D. y = 5x + 29 - This equation has the same slope and y-intercept as our derived equation, so it is the correct answer.

Final Answer

Q: What is the slope-intercept form of a linear equation?

A: The slope-intercept form of a linear equation is given by the equation y = mx + b, where m represents the slope of the line and b is the y-intercept.

Q: What is the significance of the slope in a linear equation?

A: The slope of a line is a measure of how steep it is. It is calculated as the ratio of the vertical change (rise) to the horizontal change (run) between two points on the line. Two lines are parallel if they have the same slope but different y-intercepts.

Q: How do I determine the slope of a line from its equation?

A: To determine the slope of a line from its equation, you need to look at the coefficient of x in the slope-intercept form of the equation. The coefficient of x represents the slope of the line.

Q: What is the point-slope form of a linear equation?

A: The point-slope form of a linear equation is given by the equation y - y1 = m(x - x1), where (x1, y1) is a point on the line and m is the slope.

Q: How do I use the point-slope form to find the equation of a parallel line?

A: To use the point-slope form to find the equation of a parallel line, you need to substitute the slope of the given line and the coordinates of the point through which the parallel line passes into the point-slope form of the equation.

Q: What is the relationship between the slope and the y-intercept of parallel lines?

A: The slope of parallel lines is the same, but the y-intercept is different.

Q: How do I determine the equation of a parallel line that passes through a given point?

A: To determine the equation of a parallel line that passes through a given point, you need to use the point-slope form of the equation and substitute the slope of the given line and the coordinates of the point into the equation.

Q: What is the final answer to the problem of identifying an equation in slope-intercept form for a line parallel to y = 5x + 2 that passes through (-6, -1)?
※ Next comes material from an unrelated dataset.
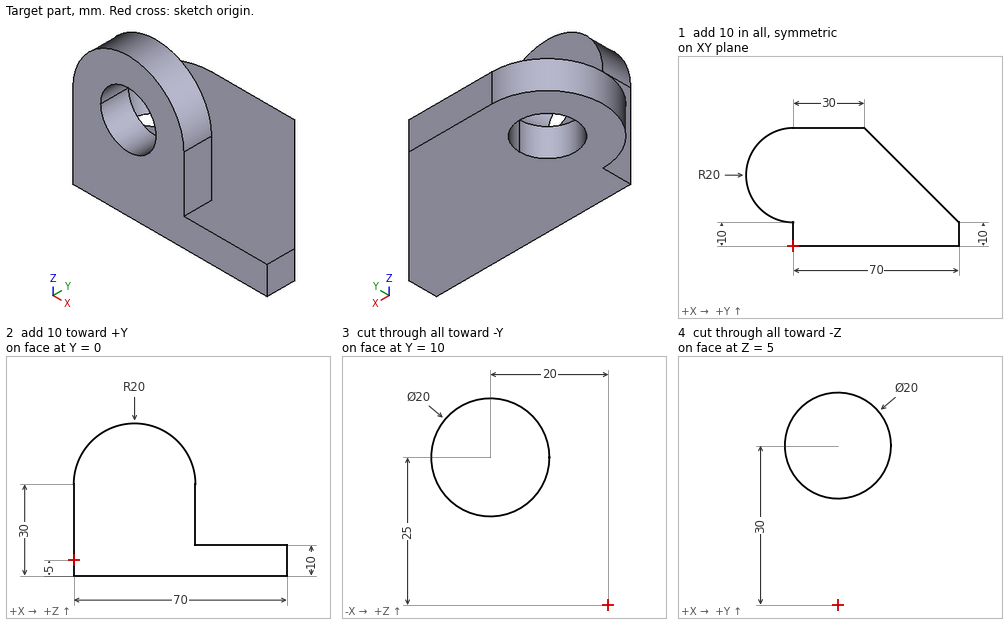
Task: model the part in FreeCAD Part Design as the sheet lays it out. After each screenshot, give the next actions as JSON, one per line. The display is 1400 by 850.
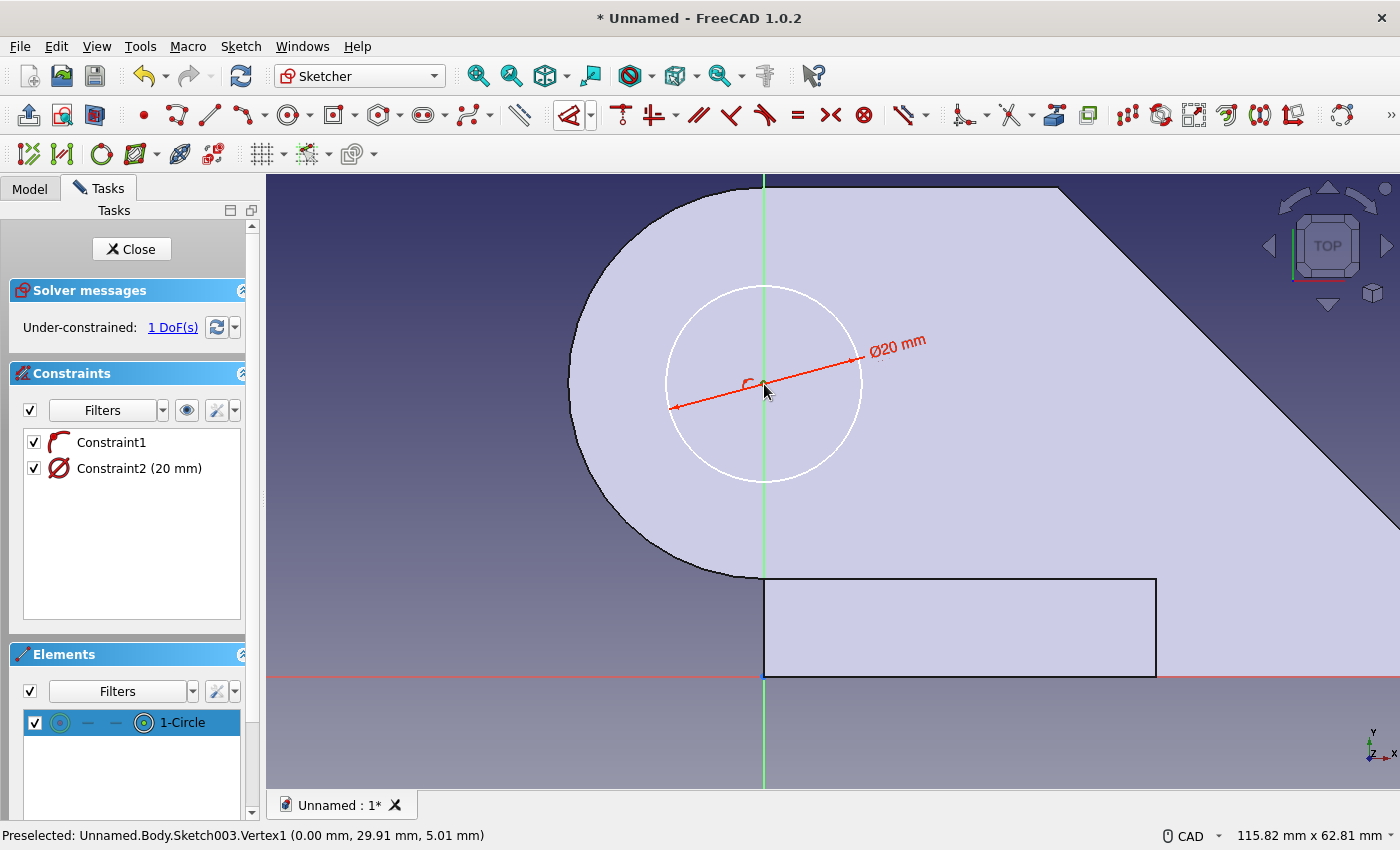
{"action": "left_click", "coordinate": [590, 116]}

A: The final answer is D. y = 5x + 29.

Q: What are some common mistakes to avoid when identifying equations in slope-intercept form for parallel lines?
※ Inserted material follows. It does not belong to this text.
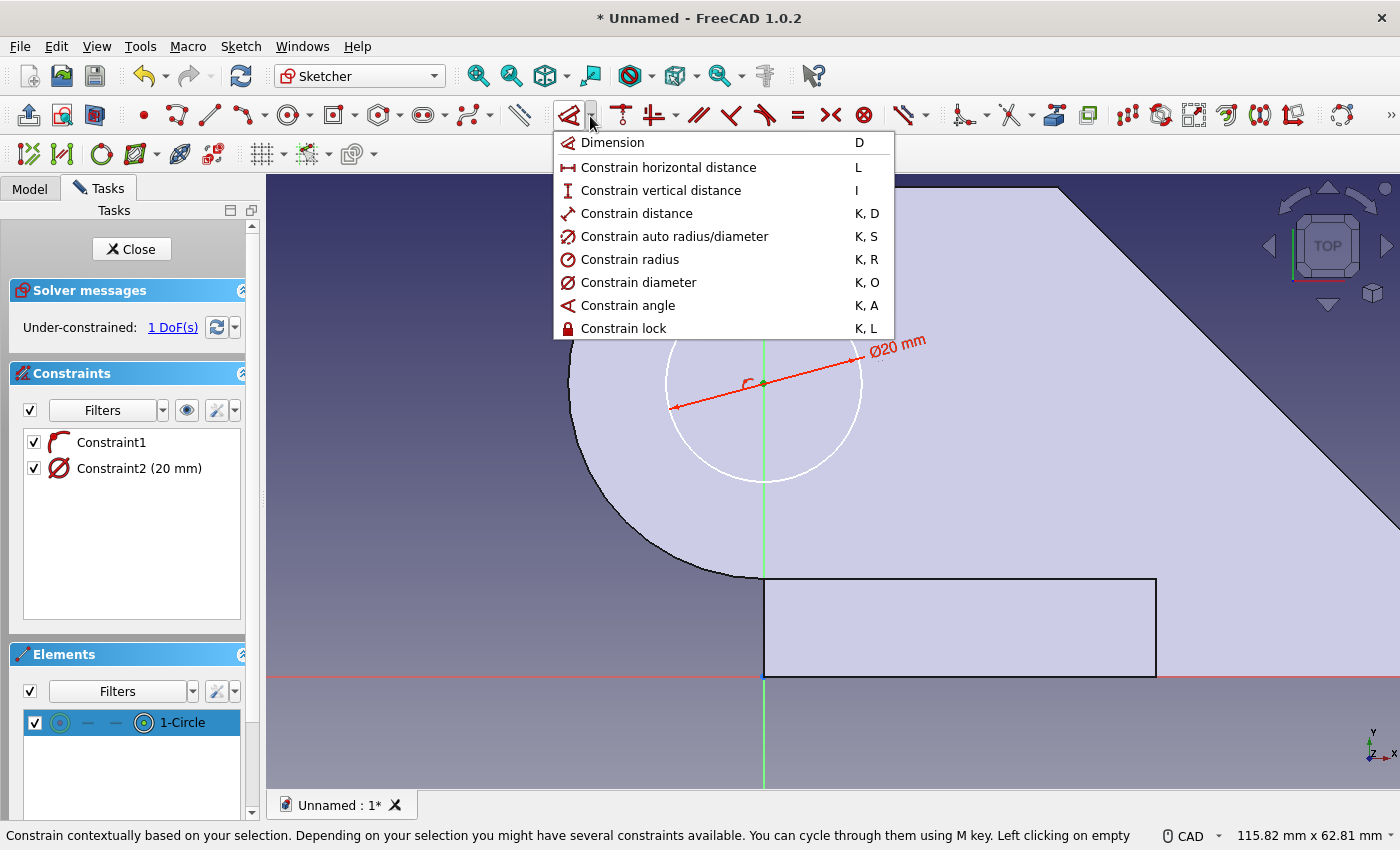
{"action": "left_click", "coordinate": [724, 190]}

A: Some common mistakes to avoid when identifying equations in slope-intercept form for parallel lines include:

• Not using the correct slope of the given line
• Not using the correct coordinates of the point through which the parallel line passes
• Not substituting the correct values into the point-slope form of the equation
• Not simplifying the equation correctly

Q: How can I practice identifying equations in slope-intercept form for parallel lines?
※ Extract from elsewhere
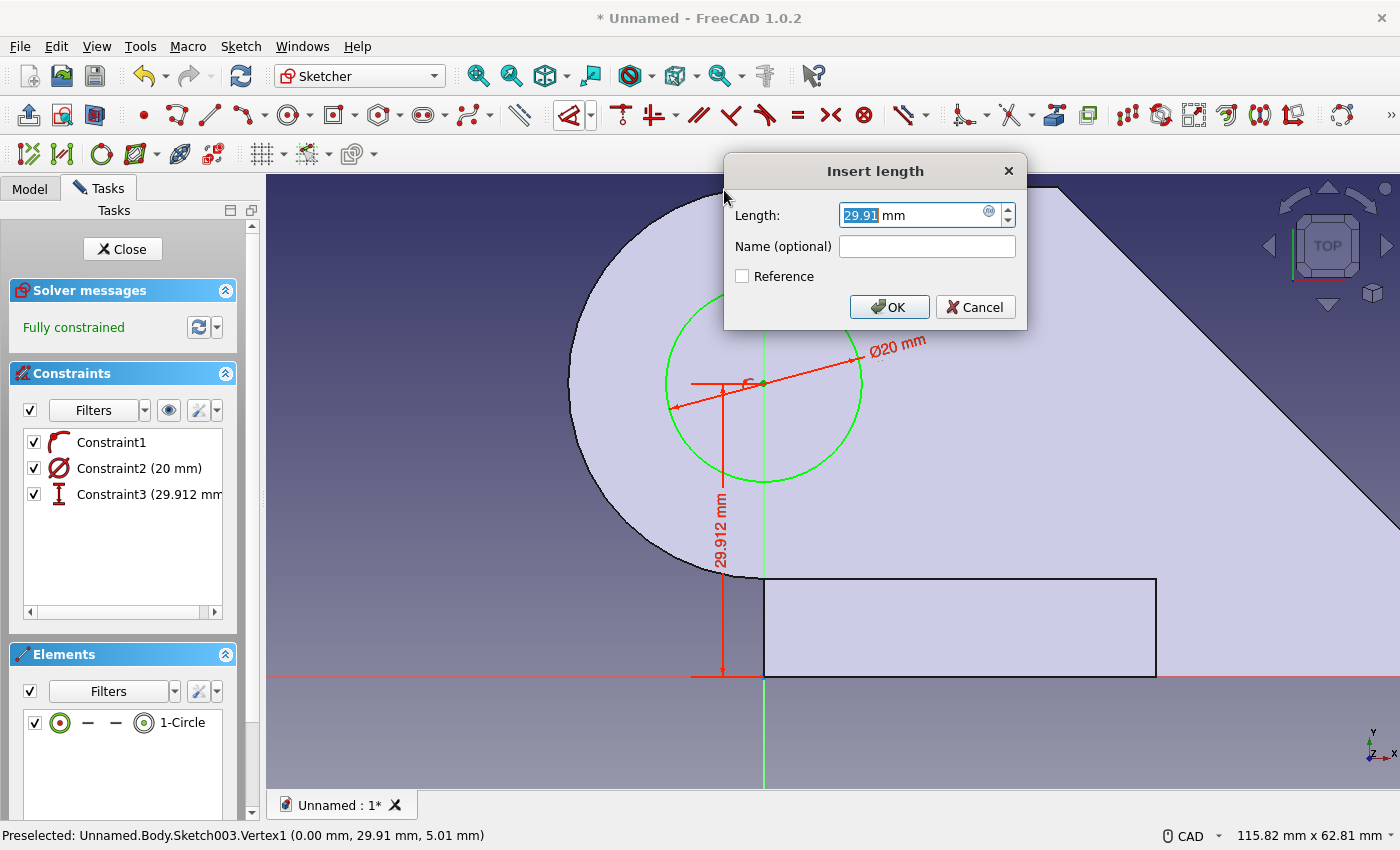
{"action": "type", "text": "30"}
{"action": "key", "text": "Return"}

A: You can practice identifying equations in slope-intercept form for parallel lines by working through example problems and exercises. You can also use online resources and practice tests to help you prepare for exams and assessments.

Q: What are some real-world applications of identifying equations in slope-intercept form for parallel lines?

A: Some real-world applications of identifying equations in slope-intercept form for parallel lines include:

• Calculating the cost of materials for a construction project
• Determining the height of a building or a structure
• Calculating the distance between two points on a map
• Determining the slope of a road or a hill

Conclusion

In this article, we have answered some frequently asked questions on identifying equations in slope-intercept form for parallel lines. We have covered topics such as the slope-intercept form of a linear equation, the significance of the slope, and how to use the point-slope form to find the equation of a parallel line. We have also provided some common mistakes to avoid and some real-world applications of identifying equations in slope-intercept form for parallel lines.